The required output is the exact run of lines in the listing below from the line holding "Horizontal field of view: 67.6" through the line holding "Request type: 3D bounding box", with no pictures.

· · · · ·

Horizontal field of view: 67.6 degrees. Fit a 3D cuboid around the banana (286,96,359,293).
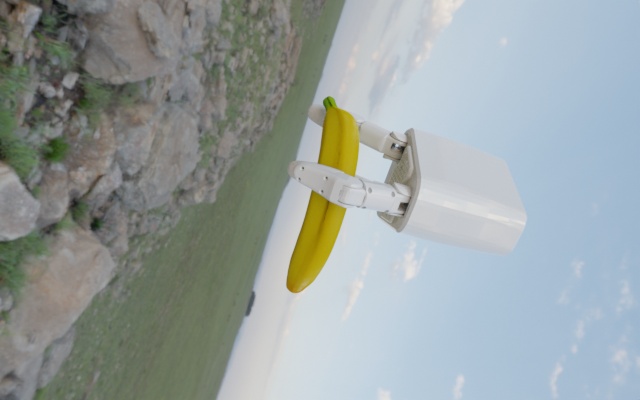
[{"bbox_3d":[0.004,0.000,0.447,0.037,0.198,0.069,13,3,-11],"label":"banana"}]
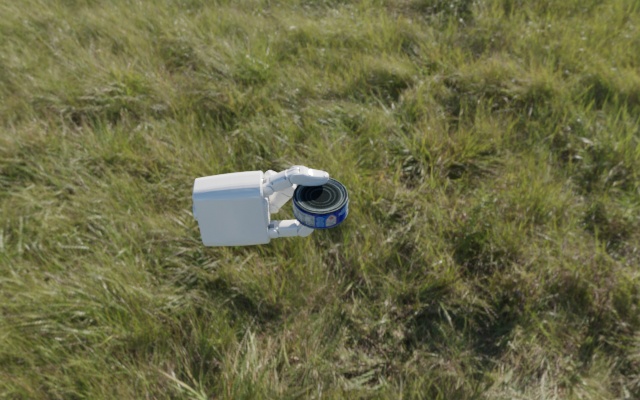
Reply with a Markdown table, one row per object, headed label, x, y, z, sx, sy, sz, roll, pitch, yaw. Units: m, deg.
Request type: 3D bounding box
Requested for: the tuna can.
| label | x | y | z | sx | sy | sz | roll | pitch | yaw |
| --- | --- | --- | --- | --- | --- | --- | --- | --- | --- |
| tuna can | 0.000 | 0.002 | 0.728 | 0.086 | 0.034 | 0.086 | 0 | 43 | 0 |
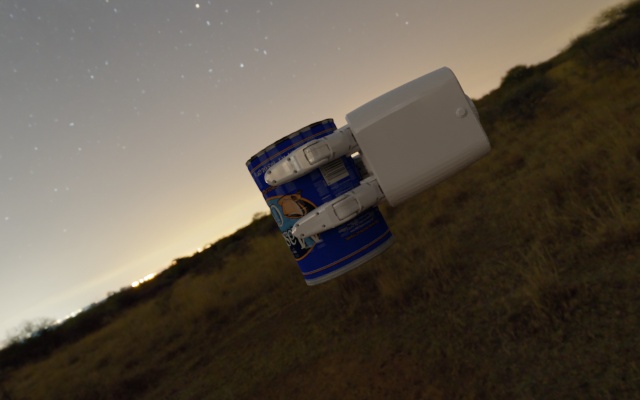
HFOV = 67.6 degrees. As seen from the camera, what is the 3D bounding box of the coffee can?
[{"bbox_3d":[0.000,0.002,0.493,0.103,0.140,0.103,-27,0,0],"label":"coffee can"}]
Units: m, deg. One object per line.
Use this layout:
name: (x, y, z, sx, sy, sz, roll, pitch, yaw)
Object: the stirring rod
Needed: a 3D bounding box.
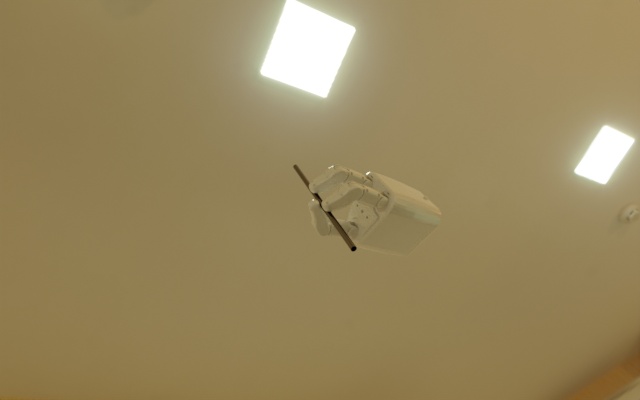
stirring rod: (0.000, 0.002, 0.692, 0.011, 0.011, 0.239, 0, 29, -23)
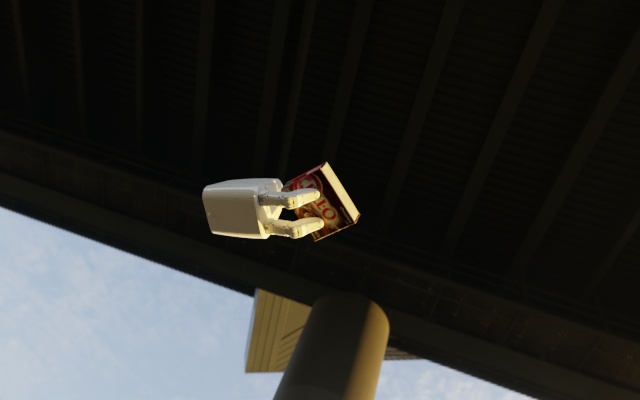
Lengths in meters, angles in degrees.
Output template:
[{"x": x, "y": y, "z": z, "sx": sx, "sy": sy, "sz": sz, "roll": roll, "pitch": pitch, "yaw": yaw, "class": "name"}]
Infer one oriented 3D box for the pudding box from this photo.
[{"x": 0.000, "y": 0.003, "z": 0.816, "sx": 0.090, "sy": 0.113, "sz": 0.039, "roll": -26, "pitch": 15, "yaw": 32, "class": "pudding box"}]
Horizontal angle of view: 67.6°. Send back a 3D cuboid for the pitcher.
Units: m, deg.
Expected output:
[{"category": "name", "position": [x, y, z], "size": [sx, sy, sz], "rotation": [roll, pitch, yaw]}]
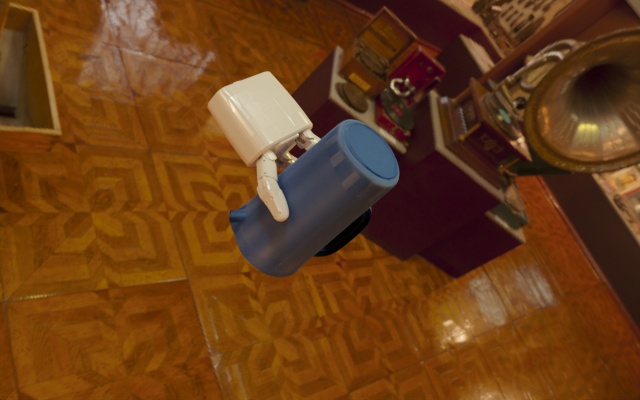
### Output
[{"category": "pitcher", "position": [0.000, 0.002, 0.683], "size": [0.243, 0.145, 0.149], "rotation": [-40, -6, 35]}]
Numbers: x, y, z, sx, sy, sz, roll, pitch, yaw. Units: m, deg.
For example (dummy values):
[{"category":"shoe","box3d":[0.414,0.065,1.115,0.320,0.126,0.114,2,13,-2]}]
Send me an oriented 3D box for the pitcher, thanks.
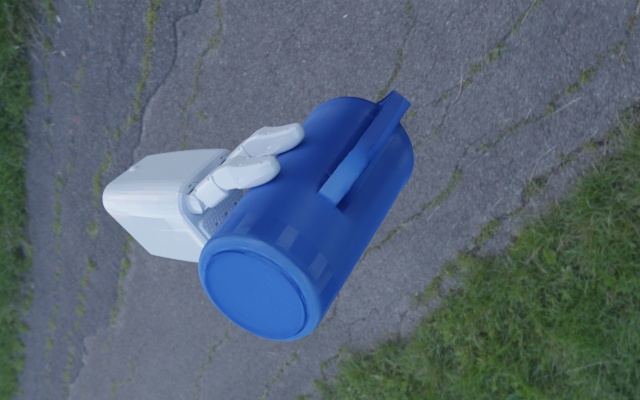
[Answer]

· · · · ·

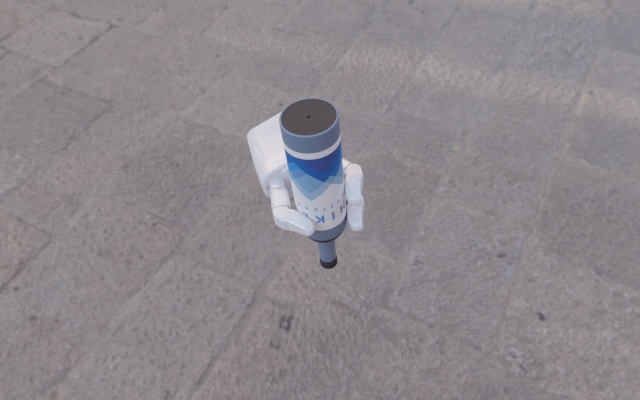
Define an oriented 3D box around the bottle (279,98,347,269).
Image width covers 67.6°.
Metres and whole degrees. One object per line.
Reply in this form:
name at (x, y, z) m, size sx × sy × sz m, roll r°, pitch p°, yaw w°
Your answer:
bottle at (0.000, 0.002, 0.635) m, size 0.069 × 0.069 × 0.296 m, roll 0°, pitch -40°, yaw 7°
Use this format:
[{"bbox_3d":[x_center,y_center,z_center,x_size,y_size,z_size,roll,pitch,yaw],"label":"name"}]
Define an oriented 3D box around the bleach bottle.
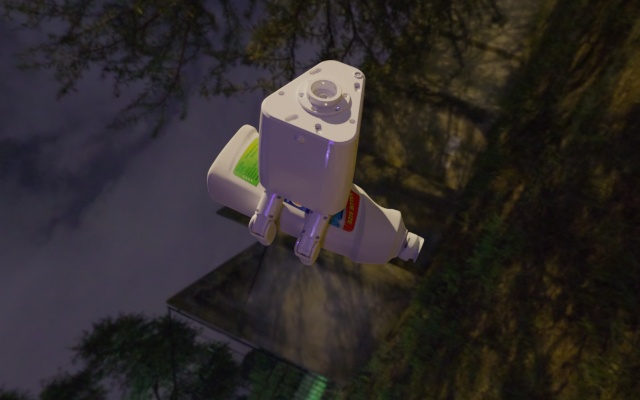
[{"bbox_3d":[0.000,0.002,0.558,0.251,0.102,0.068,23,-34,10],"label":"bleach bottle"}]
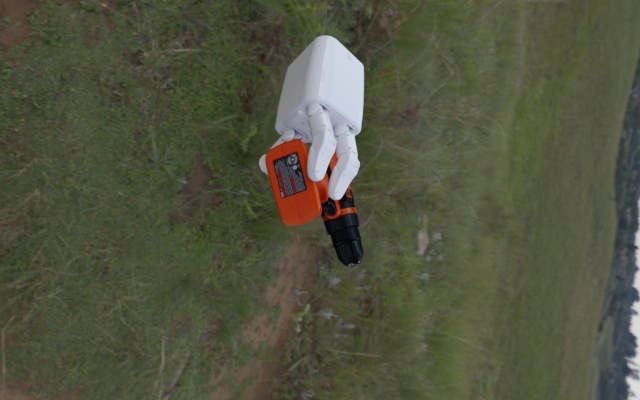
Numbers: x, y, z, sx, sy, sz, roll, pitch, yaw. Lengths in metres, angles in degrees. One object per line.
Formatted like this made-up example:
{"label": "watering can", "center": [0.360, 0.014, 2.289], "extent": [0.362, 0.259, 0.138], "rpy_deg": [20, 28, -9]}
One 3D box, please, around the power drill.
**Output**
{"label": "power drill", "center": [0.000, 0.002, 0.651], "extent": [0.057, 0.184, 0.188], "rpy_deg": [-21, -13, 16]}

· · · · ·

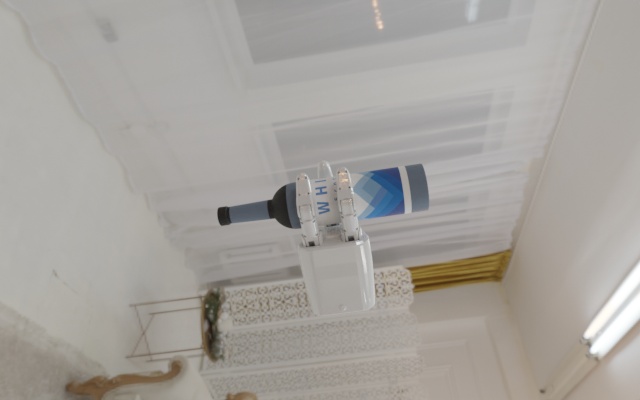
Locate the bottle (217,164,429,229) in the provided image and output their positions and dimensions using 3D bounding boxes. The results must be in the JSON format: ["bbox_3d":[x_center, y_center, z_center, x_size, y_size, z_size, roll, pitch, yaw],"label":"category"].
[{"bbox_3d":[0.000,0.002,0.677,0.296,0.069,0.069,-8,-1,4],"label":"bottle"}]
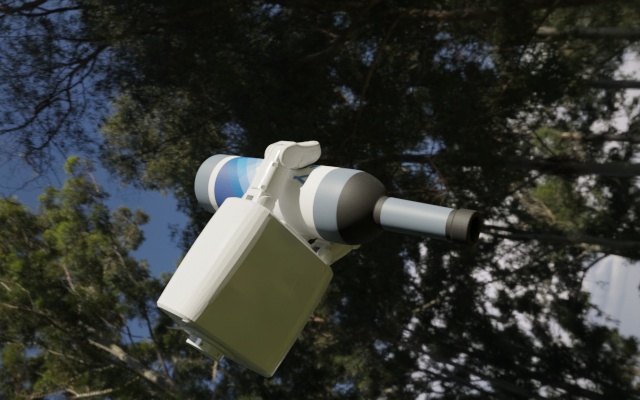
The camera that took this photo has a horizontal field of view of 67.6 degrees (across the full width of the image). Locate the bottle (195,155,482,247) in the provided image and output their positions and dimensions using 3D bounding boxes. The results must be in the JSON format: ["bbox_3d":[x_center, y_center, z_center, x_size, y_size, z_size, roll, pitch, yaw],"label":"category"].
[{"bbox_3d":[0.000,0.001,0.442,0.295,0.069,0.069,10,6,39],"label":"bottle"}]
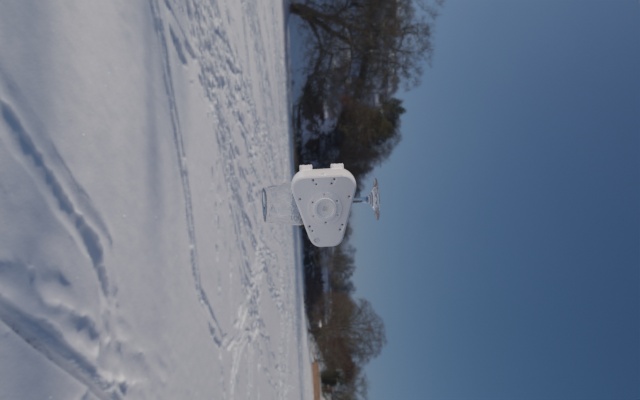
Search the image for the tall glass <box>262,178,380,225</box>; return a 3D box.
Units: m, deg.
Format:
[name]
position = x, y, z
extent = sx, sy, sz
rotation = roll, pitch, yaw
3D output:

· · · · ·

■ SOLUTION FOR THIS PROBLEM
Horizontal field of view: 67.6 degrees. Fit a 3D cuboid around the banana (286,96,359,293).
[{"bbox_3d":[0.004,0.000,0.447,0.037,0.198,0.069,13,3,-11],"label":"banana"}]
Reply with a Markdown table, one row per object, headed label, x, y, z, sx, sy, sz, roll, pitch, yaw. Units: m, deg.
Request type: 3D bounding box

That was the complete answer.